采用溶胶-凝胶法合成不同铈含量的ZrO₂催化剂，用于光热协同催化CO₂与甲醇直接合成碳酸二甲酯（DMC）。实验发现，光热催化的DMC产率明显高于热催化，且Ce_0.25Zr_0.75O₂具有最高DMC产率3.084mmol/g，是纯ZrO₂的1.9倍。XRD和TEM分析表明：Ce原子掺入ZrO₂晶格形成铈锆固溶体同时增加其表面氧空位浓度，提高吸附CO₂能力；固溶体的纳米尺寸减小、比表面积增大和介孔结构丰富，有利于CO₂扩散。能带结构和光吸收光谱表明：铈锆固溶体光响应范围拓宽且有效利用率提高；氧空位辅助窄带隙特征可促使光生载流子有效分离，允许更多光生电子和空穴参与CO₂及甲醇的活化，加之固溶体表面酸碱位点的协同作用，最终实现高效率高选择性合成DMC。最后，提出了铈锆固溶体光热催化CO₂与甲醇合成DMC的反应机理，为光协同热催化合成DMC的研究提供良好的理论基础和实验数据。

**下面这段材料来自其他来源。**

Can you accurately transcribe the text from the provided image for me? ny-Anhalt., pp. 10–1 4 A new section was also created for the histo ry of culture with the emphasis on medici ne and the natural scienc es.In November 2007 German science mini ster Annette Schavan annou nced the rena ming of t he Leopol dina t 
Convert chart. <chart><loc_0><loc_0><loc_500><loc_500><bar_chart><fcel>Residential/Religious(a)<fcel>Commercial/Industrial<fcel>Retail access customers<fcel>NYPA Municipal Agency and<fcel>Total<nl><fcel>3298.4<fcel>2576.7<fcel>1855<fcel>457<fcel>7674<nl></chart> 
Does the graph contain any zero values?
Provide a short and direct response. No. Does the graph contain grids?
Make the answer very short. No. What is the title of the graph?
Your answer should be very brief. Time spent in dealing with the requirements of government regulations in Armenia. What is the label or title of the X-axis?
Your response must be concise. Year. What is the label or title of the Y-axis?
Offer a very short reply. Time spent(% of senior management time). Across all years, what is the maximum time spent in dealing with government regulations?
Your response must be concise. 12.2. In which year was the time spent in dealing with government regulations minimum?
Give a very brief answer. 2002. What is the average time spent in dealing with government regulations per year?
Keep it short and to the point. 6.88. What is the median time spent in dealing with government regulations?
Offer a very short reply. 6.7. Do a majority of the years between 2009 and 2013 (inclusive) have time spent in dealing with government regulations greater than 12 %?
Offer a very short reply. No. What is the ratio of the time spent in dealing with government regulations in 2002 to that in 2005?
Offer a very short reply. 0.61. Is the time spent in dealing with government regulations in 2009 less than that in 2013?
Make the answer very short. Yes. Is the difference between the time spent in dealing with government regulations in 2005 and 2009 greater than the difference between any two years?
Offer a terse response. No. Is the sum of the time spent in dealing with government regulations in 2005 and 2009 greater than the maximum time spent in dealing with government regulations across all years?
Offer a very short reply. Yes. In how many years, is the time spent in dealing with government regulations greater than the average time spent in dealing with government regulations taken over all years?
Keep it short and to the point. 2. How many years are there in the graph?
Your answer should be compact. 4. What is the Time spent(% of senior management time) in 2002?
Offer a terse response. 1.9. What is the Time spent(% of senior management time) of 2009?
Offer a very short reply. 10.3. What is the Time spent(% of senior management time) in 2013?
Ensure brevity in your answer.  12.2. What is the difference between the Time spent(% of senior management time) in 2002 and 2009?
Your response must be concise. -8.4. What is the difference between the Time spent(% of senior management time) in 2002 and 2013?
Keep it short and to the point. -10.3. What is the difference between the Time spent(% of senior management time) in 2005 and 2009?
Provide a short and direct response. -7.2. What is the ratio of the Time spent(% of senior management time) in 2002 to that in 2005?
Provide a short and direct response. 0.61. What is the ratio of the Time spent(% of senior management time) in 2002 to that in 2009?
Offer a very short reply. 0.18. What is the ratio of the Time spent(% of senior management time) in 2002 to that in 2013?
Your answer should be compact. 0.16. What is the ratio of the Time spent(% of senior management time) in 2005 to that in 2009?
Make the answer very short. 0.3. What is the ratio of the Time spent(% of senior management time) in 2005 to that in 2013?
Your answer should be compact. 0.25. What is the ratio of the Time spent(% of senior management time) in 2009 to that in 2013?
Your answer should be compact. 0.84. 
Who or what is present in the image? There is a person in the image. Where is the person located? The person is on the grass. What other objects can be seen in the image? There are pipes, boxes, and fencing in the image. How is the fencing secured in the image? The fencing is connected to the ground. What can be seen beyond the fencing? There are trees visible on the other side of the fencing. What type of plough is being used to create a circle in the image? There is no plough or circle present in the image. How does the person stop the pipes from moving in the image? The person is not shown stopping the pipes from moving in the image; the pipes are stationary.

关键词: 二氧化碳, 碳酸二甲酯, 光热协同催化, 铈锆固溶体, 氧空位

Abstract:

ZrO₂ catalysts with different Ce contents were synthesized by sol-gel method and used for carrying out to achieve the photothermal catalytic direct synthesis of dimethyl carbonate (DMC) from CO₂ and methanol. Experimental results revealed that the DMC yield via photothermal catalysis was obviously higher than single thermal catalysis, and Ce_0.25Zr_0.75O₂ had the best effect with the DMC yield of 3.084mmol/g, which was 1.9 times that of pure ZrO₂. XRD and TEM analysis results showed that Ce atoms were doped into the crystal lattice of ZrO₂, which led to the formation of cerium-zirconium solid solution and the increasing concentration of surface oxygen vacancies, improving the CO₂ adsorption capacity. The solid solution had smaller nano size and larger specific surface area, and its formation of mesoporous structure was more conducive to CO₂ diffusion. The energy band structure and optical absorption spectra confirmed that the photoresponse of solid solution was widened and the light utilization efficiency was raised. Besides, with the assistance of oxygen vacancy in the narrow band gap prompts, the efficient separation of photo-generated carriers would provide more photo-generated electrons and held for activating methanol and CO₂, and combine with acid-base sites on the surface of solid solution, realizing the highly efficient synthesis and selectivity of DMC. Finally, the reaction mechanism of photothermal catalysis synthesis of DMC from CO₂ and methanol over Ce_0.25Zr_0.75O₂ solid solution was proposed, which should provide excellent theoretical basis and experimental data for the research and development on the photothermal catalytic synthesis of DMC.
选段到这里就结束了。